Geissler sat down, slapped his knee with a powerful hand, and there he
was - master of Isak's fate.

"You haven't sold that copper tract yet?" he asked.


"Good. I'll buy it myself. Yes, I've seen Inger and some other people
too. She'll be out before long, if I'm not greatly mistaken - the case
has been submitted to the King."

"The King?"

"The King, yes. I went in to have a talk with your wife - they managed
it for me, of course, no difficulty about that - and we had a long
talk. 'Well, Inger, how are you getting on? Nicely, what?' 'Why, I've
no cause to complain.'' Like to be home again?' 'Ay, I'll not say no.'
'And so you shall before very long,' said I. And I'll tell you this
much, Isak, she's a good girl, is Inger. No blubbering, not so much
as a tear, but smiling and laughing ... they've fixed up that trouble
with her mouth, by the way - operation - sewed it up again. 'Good-bye,
then,' said I. 'You won't be here very long, I'll promise you that.'

"Then I went to the Governor - he saw me, of course, no difficulty
about that. 'You've a woman here,' said I,' that ought to be out of
the place, and back in her home - Inger Sellanraa.' 'Inger?' said he;
'why, yes. She's a good sort - I wish we could keep her for twenty
years,' said he. 'Well, you won't,' said I. 'She's been here too long
already.' 'Too long?' says he. 'Do you know what she's in for?' 'I
know all about it,' says I, 'being Lensmand in the district.' 'Oh,'
says he, 'won't you sit down?' Quite the proper thing to say, of
course. 'Why,' says the Governor then, 'we do what we can for her
here, and her little girl too. So she's from your part of the country,
is she? We've helped her to get a sewing-machine of her own; she's
gone through the workshops right to the top, and we've taught her a
deal - weaving, household work, dyeing, cutting out. Been here too
long, you say?' Well, I'd got my answer ready for that all right, but
it could wait, so I only said her case had been badly muddled, and had
to be taken up again; now, after the revision of the criminal code,
she'd probably have been acquitted altogether. And I told him about
the hare. 'A hare?' says the Governor. 'A hare,' says I. 'And the
child was born with a hare-lip.' 'Oh,' says he, smiling, 'I see. And
you think they ought to have made more allowance for that?' 'They
didn't make any at all,' said I, 'for it wasn't mentioned.' 'Well, I
dare say it's not so bad, after all.' 'Bad enough for her, anyway.'
'Do you believe a hare can work miracles, then?' says he. 'As to
that,' said I, 'whether a hare can work miracles or not's a matter I
won't discuss just now. The question is, what effect the _sight_ of a
hare might have on a woman with her disfigurement, in her condition.'
Well, he thought over that for a bit. 'H'm,' says he at last. 'Maybe,
maybe.

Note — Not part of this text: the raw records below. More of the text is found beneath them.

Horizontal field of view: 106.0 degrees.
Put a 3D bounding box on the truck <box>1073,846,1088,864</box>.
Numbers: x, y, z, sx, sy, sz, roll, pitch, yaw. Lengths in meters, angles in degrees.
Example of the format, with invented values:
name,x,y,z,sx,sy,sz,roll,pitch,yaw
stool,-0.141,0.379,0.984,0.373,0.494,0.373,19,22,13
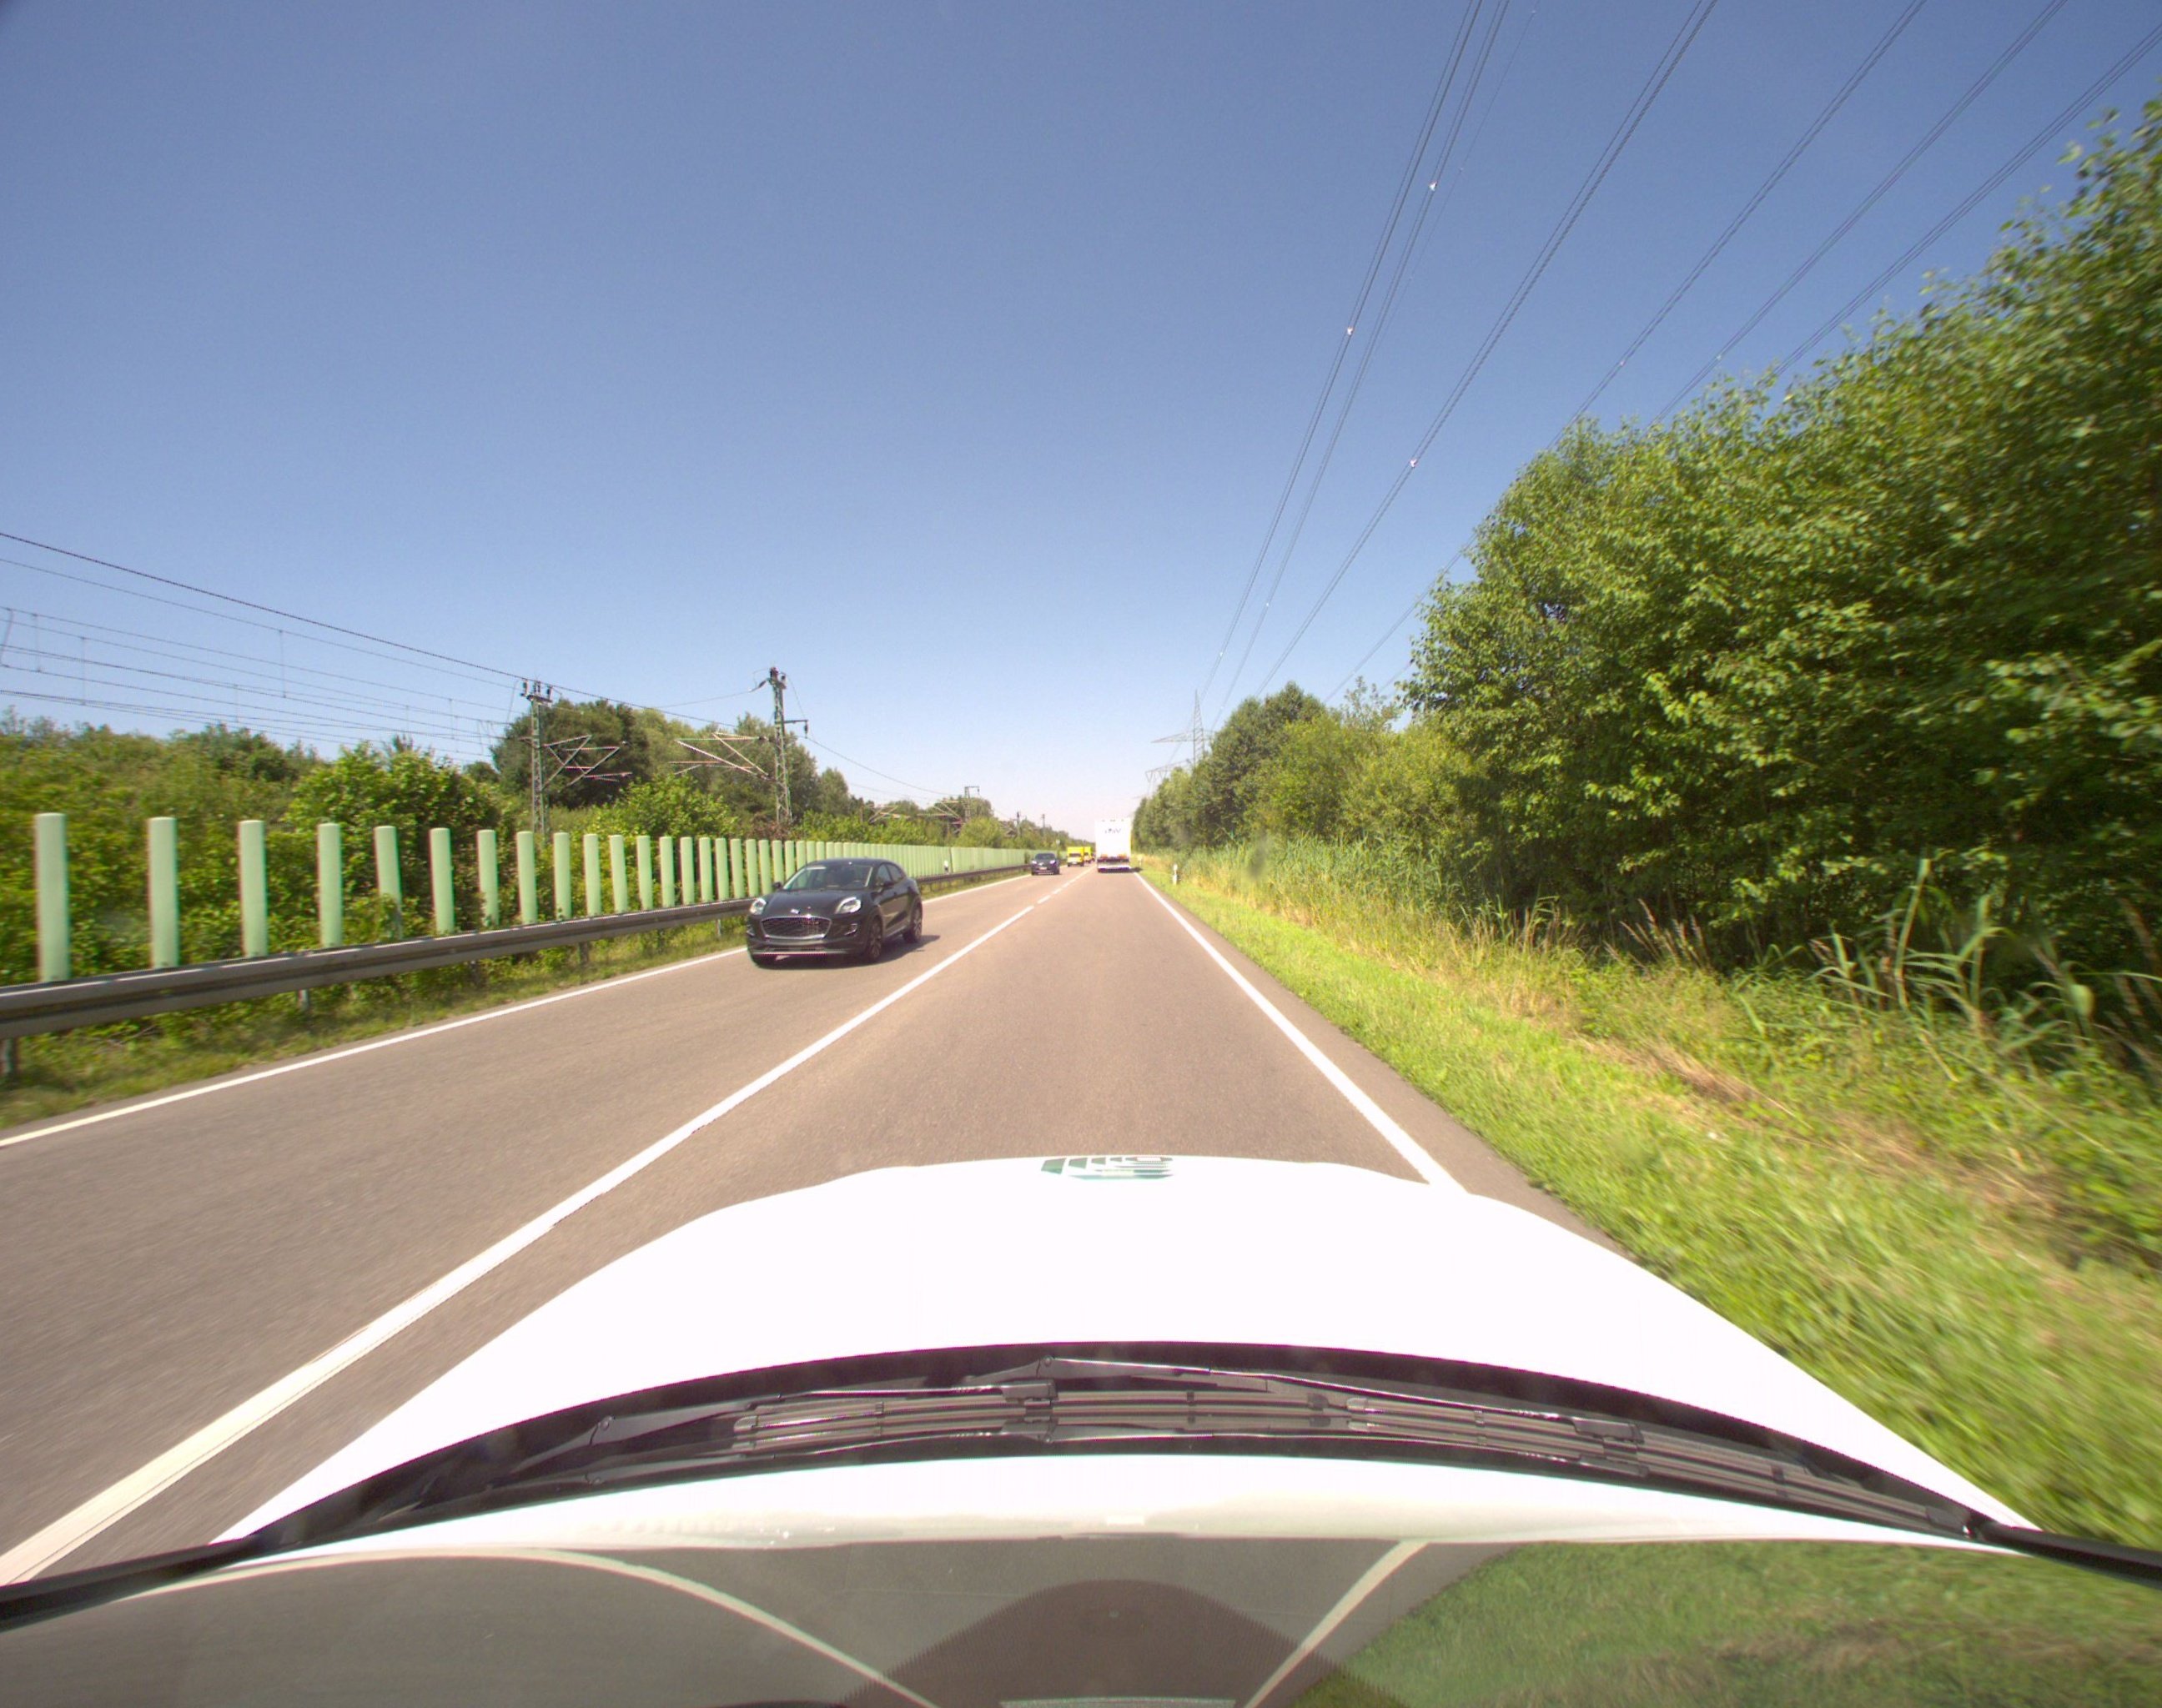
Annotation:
name,x,y,z,sx,sy,sz,roll,pitch,yaw
truck,-0.004,0.169,122.240,2.072,2.646,5.707,-1,0,2

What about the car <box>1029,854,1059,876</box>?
name,x,y,z,sx,sy,sz,roll,pitch,yaw
car,-2.716,0.798,60.243,1.794,1.587,4.373,-1,0,2

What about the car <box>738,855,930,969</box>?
name,x,y,z,sx,sy,sz,roll,pitch,yaw
car,-3.783,0.791,13.274,1.666,1.515,4.291,-1,0,2

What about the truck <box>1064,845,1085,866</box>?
name,x,y,z,sx,sy,sz,roll,pitch,yaw
truck,-0.720,0.169,95.343,1.985,2.348,6.016,-1,0,3

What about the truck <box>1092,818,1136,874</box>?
name,x,y,z,sx,sy,sz,roll,pitch,yaw
truck,2.651,-0.579,66.152,3.180,4.042,12.011,-2,0,2

Anyhow, we're not concerned with that here. All we have to
do is to take over the people they send us; not to revise their
sentences. And according to her sentence, Inger's not yet finished her

"Well, then, I started on what I wanted to say all along. 'There was
a serious oversight made in bringing her here to begin with,' said I.
'An oversight?' 'Yes. In the first place, she ought never to have been
sent across the country at all in the state she was in.' He looks at
me stiffly. 'No, that's perfectly true,' says he. 'But it's nothing to
do with us here, you know.' 'And in the second place,' said I, 'she
ought certainly not to have been in the prison for full two months
without any notice taken of her condition by the authorities here.'
That put him out, I could see; he said nothing for quite a while. 'Are
you instructed to act on her behalf?' says he at last. 'Yes, I am,'
said I. Well, then, he started on about how pleased they had been with
her, and telling me over again all they'd taught her and done for her
there - taught her to write too, he said. And the little girl had been
put out to nurse with decent people, and so on. Then I told him how
things were at home, with Inger away. Two youngsters left behind,
and only a hired woman to look after them, and all the rest. 'I've a
statement from her husband,' said I, 'that I can submit whether the
case be taken up for thorough revision, or an application be made
for a pardon.' 'I'd like to see that statement,' says the Governor.
'Right,' said I. 'I'll bring it along tomorrow in visiting hours.'"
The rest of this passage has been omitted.